Former Washington Post reporter Taylor Lorenz who was attacked for her light comments on the murder of UnitedHealthcare CEO Brian Thompson Wednesday stood by her comments and said it’s natural if “you have watched a loved one die because an insurance conglomerate has denied their life-saving treatment as a cost-cutting measure”.
Brian Thompson was killed by a masked man who has not been identified yet. The murder has opened a floodgate of celebration on social media as users complain how UniversalHealthcare’s denial of insurance payout is the highest. “And people wonder why we want these executives dead,” Lorenz wrote on BlueSky.
As some people were in shock as to whether a journalist actually called for violence, Taylor published a blog Friday clarifying that she did really mean what she wrote. She said she did not mean she personally wanted such CEOs to be killed but she was speaking for many Americans who have been harassed at the hand of such insurance companies.
“Let me be super clear: my post uses a collective “we” and is explaining the public sentiment.
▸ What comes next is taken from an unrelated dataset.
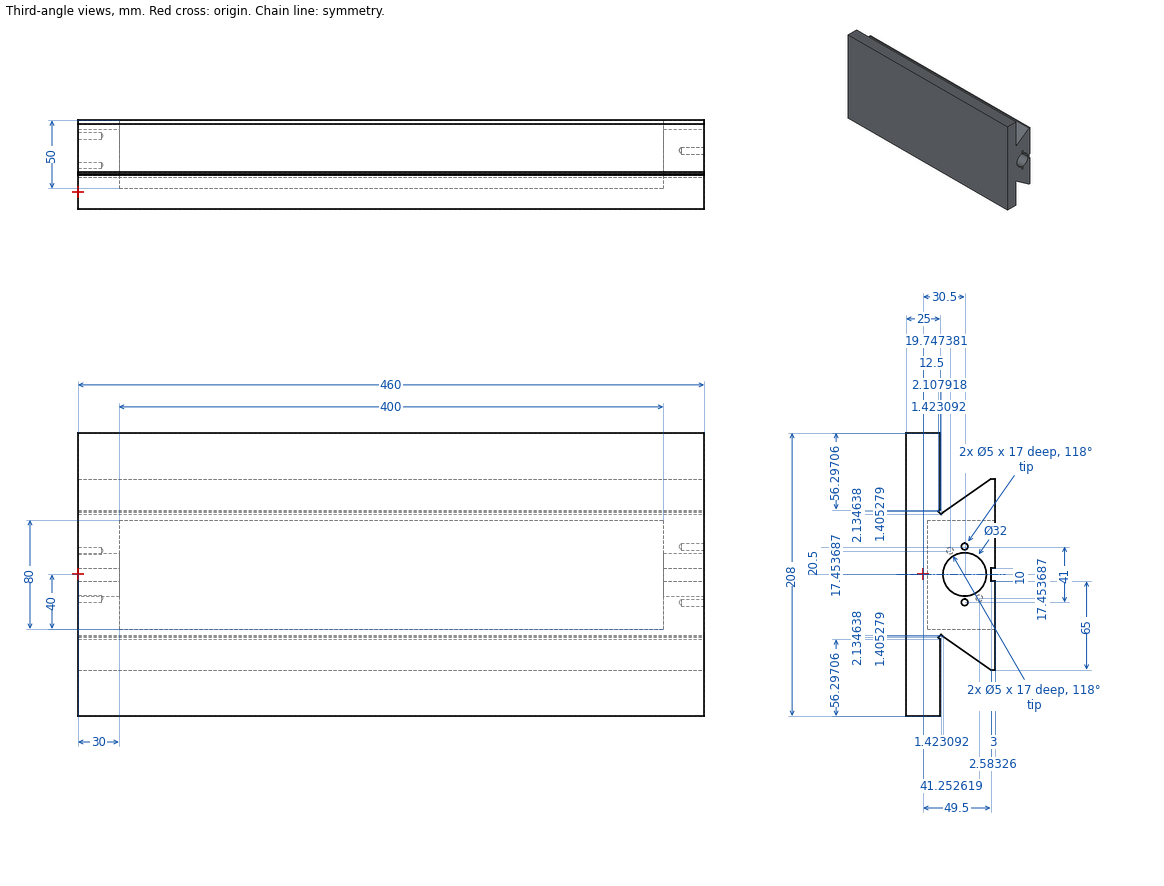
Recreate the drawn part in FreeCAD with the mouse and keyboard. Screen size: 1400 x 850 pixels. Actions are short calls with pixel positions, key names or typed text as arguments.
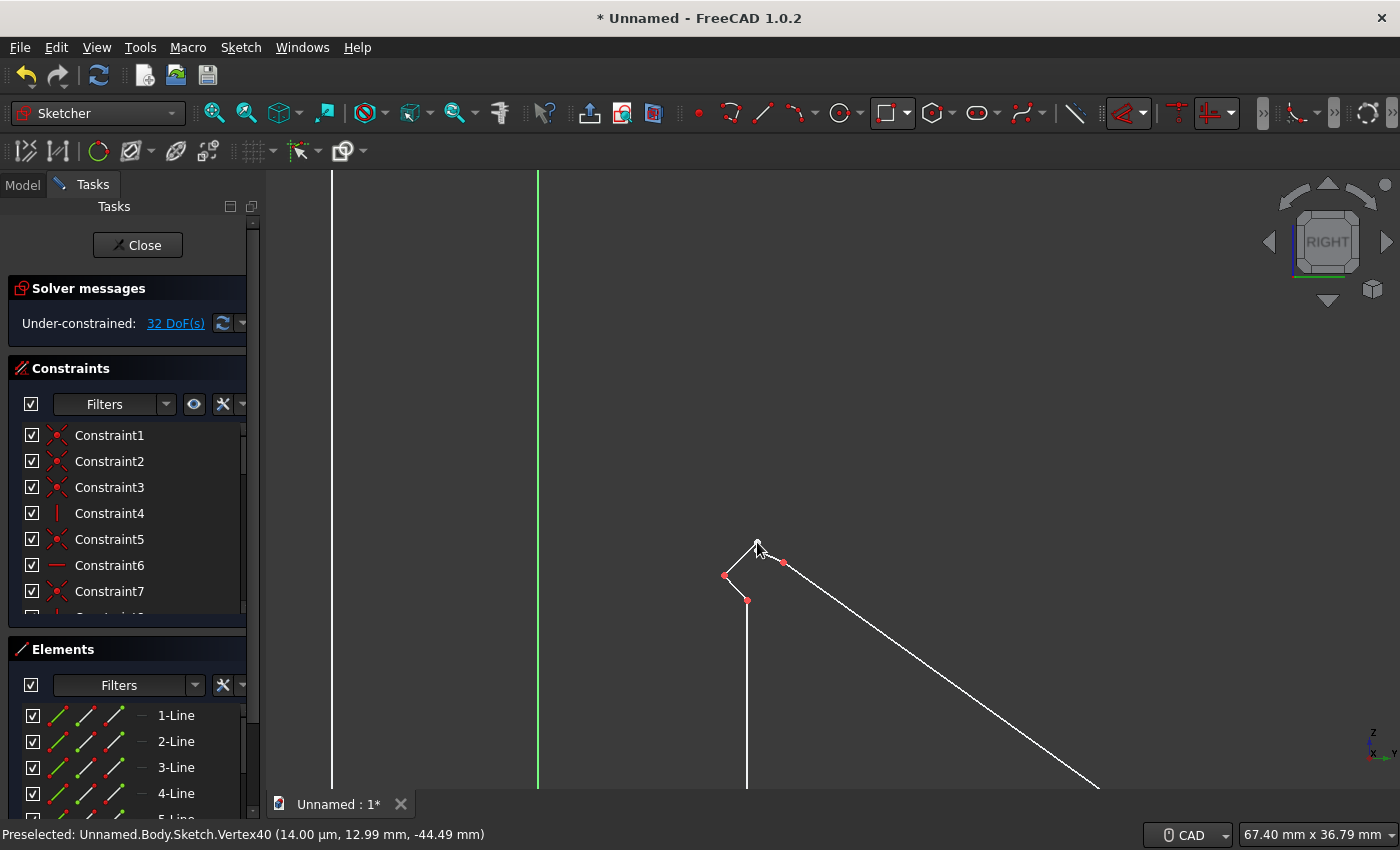
scroll(751, 565, down, 11)

It is not me personally saying “I want these executives dead and so we should kill them.” I am explaining that thousands of Americans (myself included) are fed up with our barbaric healthcare system and the people at the top who rake in millions while inflicting pain, suffering, and death on millions of innocent people,” Lorenz said.
“This is what the media fails to understand. They don’t see insurance CEOs who sanction the deaths of thousands of innocent people a year by denying them coverage, often coverage doctors deem medically necessary, as violent,” she wrote,
“People have very justified hatred toward insurance company CEOs because these executives are responsible for an unfathomable amount of death and suffering. I think it’s good to call out this broken system and the people in power who enable it. Again, not so they can be murdered, but so that we can change the system and start holding people in power accountable for their actions,” she wrote.